{ "error" : "Maximum number of rows [500000] reached" }

Amey Jain

unread,

Feb 9, 2016, 7:44:34 PM2/9/16

to Druid User

I am have pretty small dataset loaded in my druid.
I am querying it and I am constantly getting this error.
Any idea how to limit the output rows like limit n. I tried threshold:5 but does not help, it gives all the results it finds(if they are less than 500000.

query:

{
    "queryType": "groupBy",
    "dataSource": "avpingFull",
    "granularity": {"type": "duration", "duration": "86400000", "origin":"2015-01-01T23:55:00Z"},
    "dimensions": ["file_sha2"],
   "aggregations": [
        {"type": "count", "name": "rows"}
    ],
    "OrderByColumnSpec":{
        "dimension":"rows",
        "direction":"descending"
    },
    "intervals": ["2015-01-01T10:00:00/2016-01-01T11:01:00"]
}

max time I have in my cluster it 2015-01-01T23.59.59
Please advice.

Amey Jain

unread,

Feb 9, 2016, 8:17:22 PM2/9/16

to Druid User

Looks like it relates to the maxRowsinMemory in realtlime config file. Eventhough I tried giving a limitspec with a value 5. So now there is no way I can query my whole data at once. I have only one day of data.

{
    "queryType": "groupBy",
    "dataSource": "avpingFull",


    "granularity":"all",


    "dimensions": ["file_sha2"],
   "aggregations": [
        {"type": "count", "name": "rows"}
    ],


    "limitSpec":{
        "type"    : "default",
        "limit"   : 5,
        "columns" : [{


                "dimension":"rows",
                "direction":"descending"
        }]
    },


    "intervals": ["2015-01-01T00:10:00/2015-01-01T00:15:00"]
}

Amey Jain

unread,

Feb 9, 2016, 8:30:06 PM2/9/16

to Druid User

Another thing I noticed using plyql I am able to query full dataset for the same query

plyql -h hostname:8082 -a select -q "SELECT file_sha2 ,count() FROM avpingFull where __time>'2015-01-01T00:00:00' AND __time < '2015-01-01T23:59:59' group by file_sha2 limit 5 "
This give me the result as I need.

On Tuesday, February 9, 2016 at 4:44:34 PM UTC-8, Amey Jain wrote:

Gian Merlino

unread,

Feb 9, 2016, 10:54:11 PM2/9/16

to druid...@googlegroups.com

Hey Amey,

You're running into a limit on the size of the pre-limited resultset for groupBy queries (by default this is 500000). plyql is likely working because your query could actually be run as a topN (it's a single dimension ordered by a metric), and so plyql is probably doing that. You can see in verbose mode the query it's issuing (--verbose).

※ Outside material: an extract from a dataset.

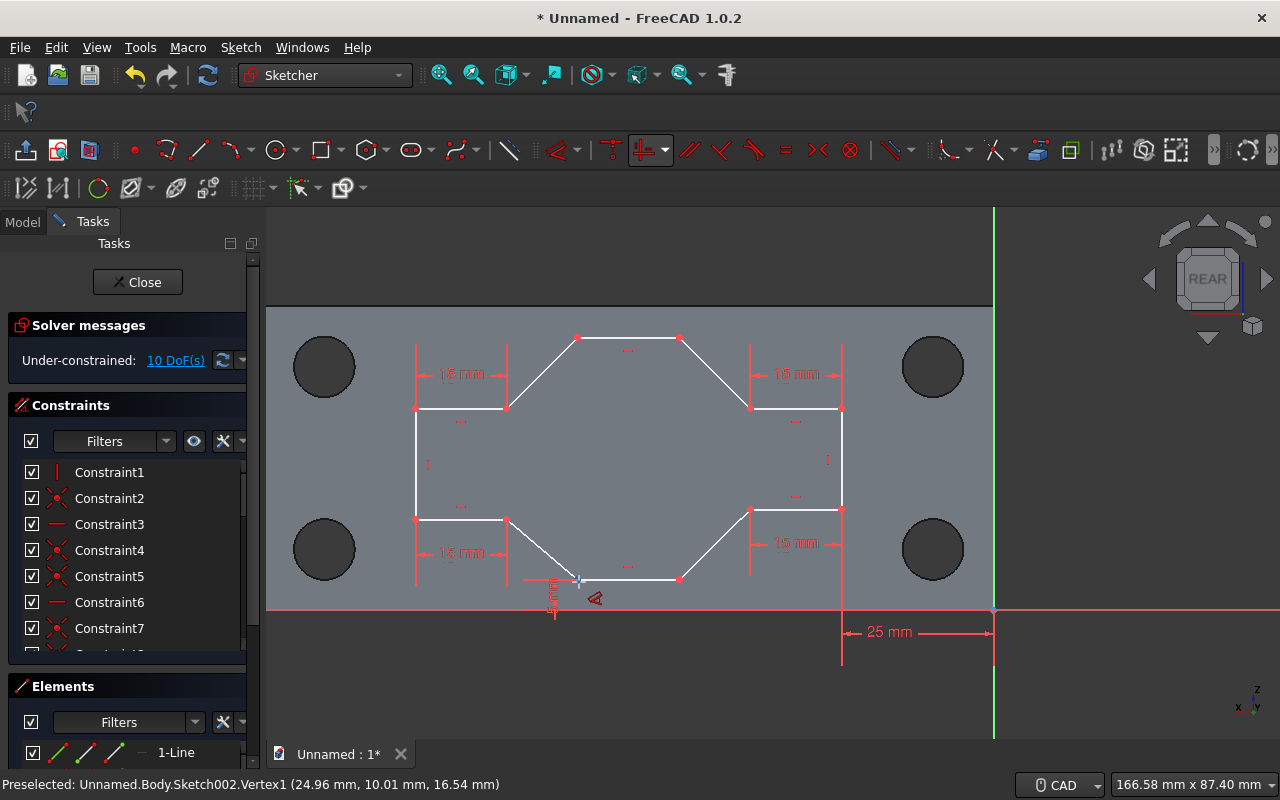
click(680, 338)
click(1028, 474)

If topNs work for you, you should use them, as they are much more efficient than groupBys. They are approximate though and may have some 'noise' (especially near the bottom of the results) due to potentially not including 100% of the data points.

Gian

--
You received this message because you are subscribed to the Google Groups "Druid User" group.
To unsubscribe from this group and stop receiving emails from it, send an email to druid-user+...@googlegroups.com.
To post to this group, send email to druid...@googlegroups.com.
To view this discussion on the web visit https://groups.google.com/d/msgid/druid-user/ccc867f9-32f2-4db0-a301-0daabda3acdd%40googlegroups.com.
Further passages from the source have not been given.